§ **Exercise goal**: Only a number is expected in reply: the number of lines below that include the word "passage".

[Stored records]
=-=-=
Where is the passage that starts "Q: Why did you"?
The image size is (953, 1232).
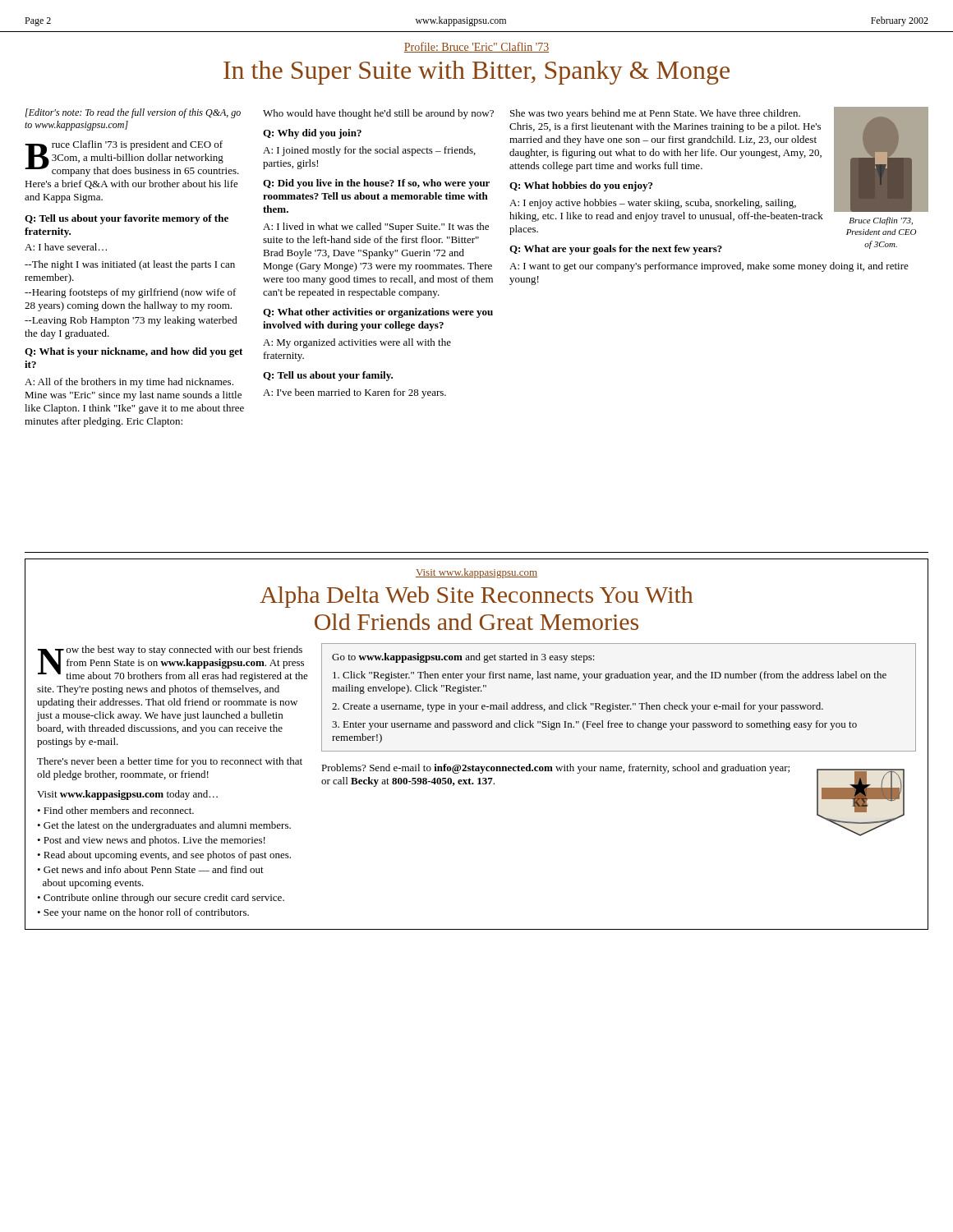[379, 148]
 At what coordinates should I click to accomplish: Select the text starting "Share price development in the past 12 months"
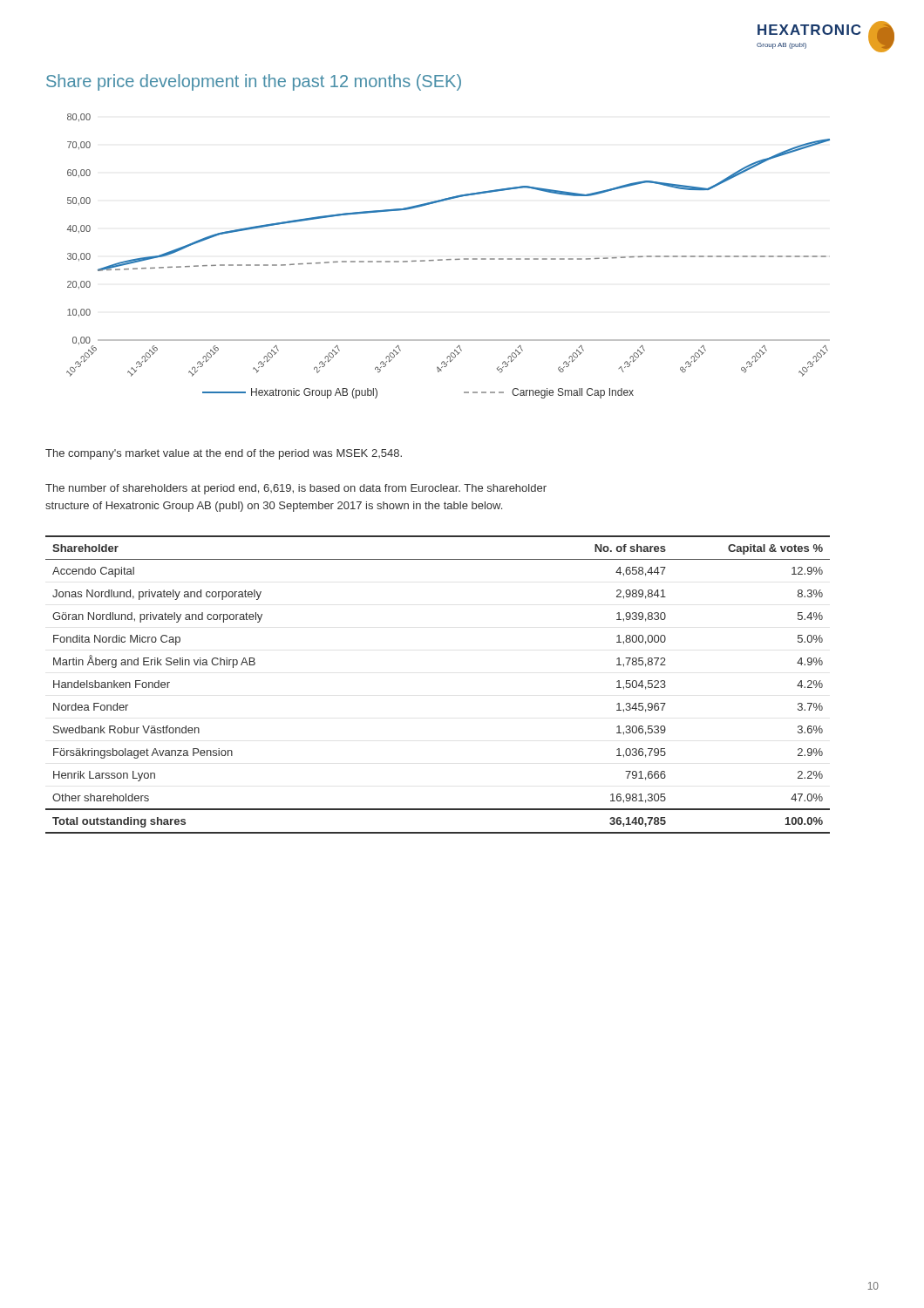254,81
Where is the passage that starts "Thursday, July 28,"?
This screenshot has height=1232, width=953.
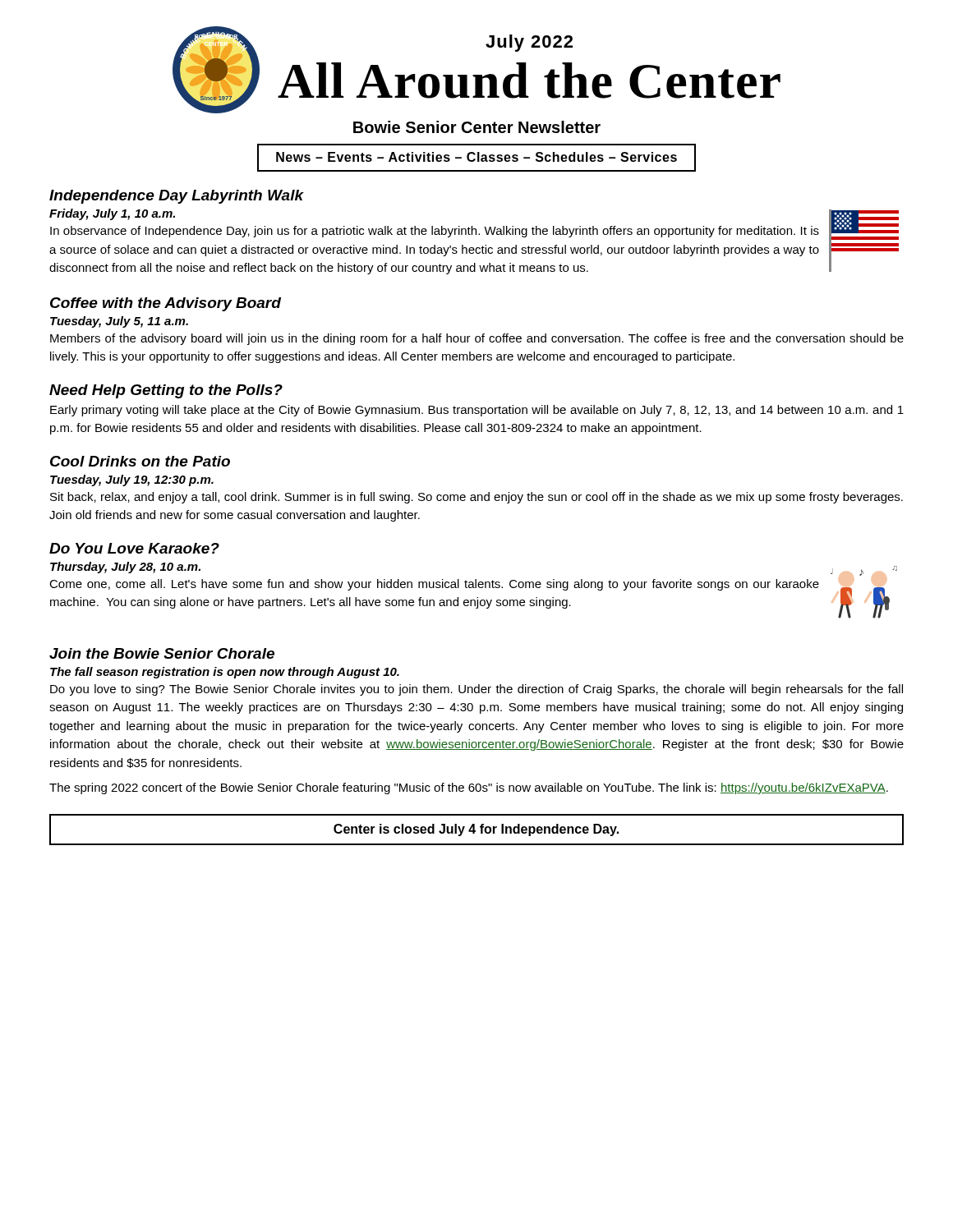(x=125, y=566)
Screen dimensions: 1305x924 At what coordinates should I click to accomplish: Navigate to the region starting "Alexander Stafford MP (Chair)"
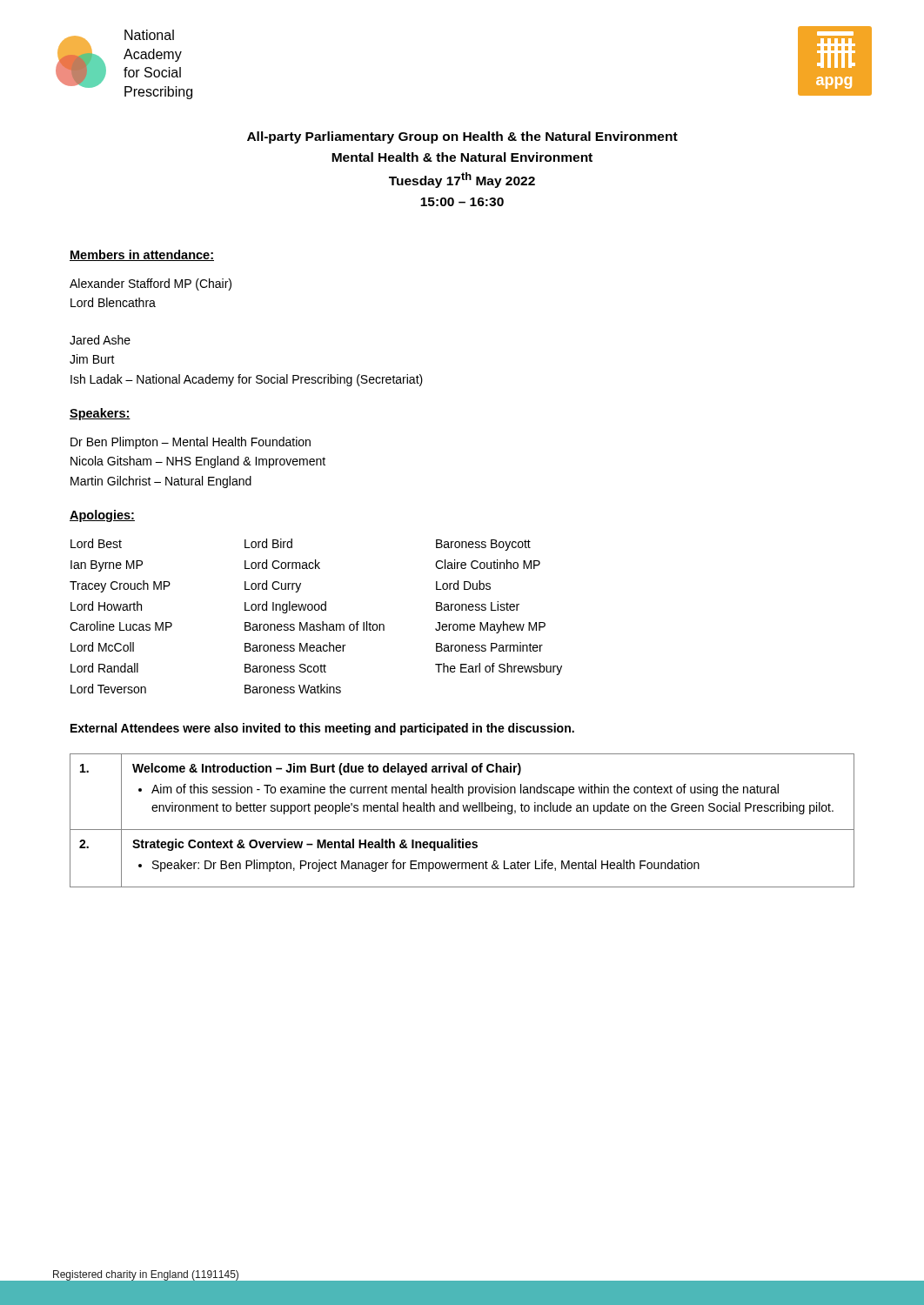151,293
=-=-=
§ **Result for this task**: 2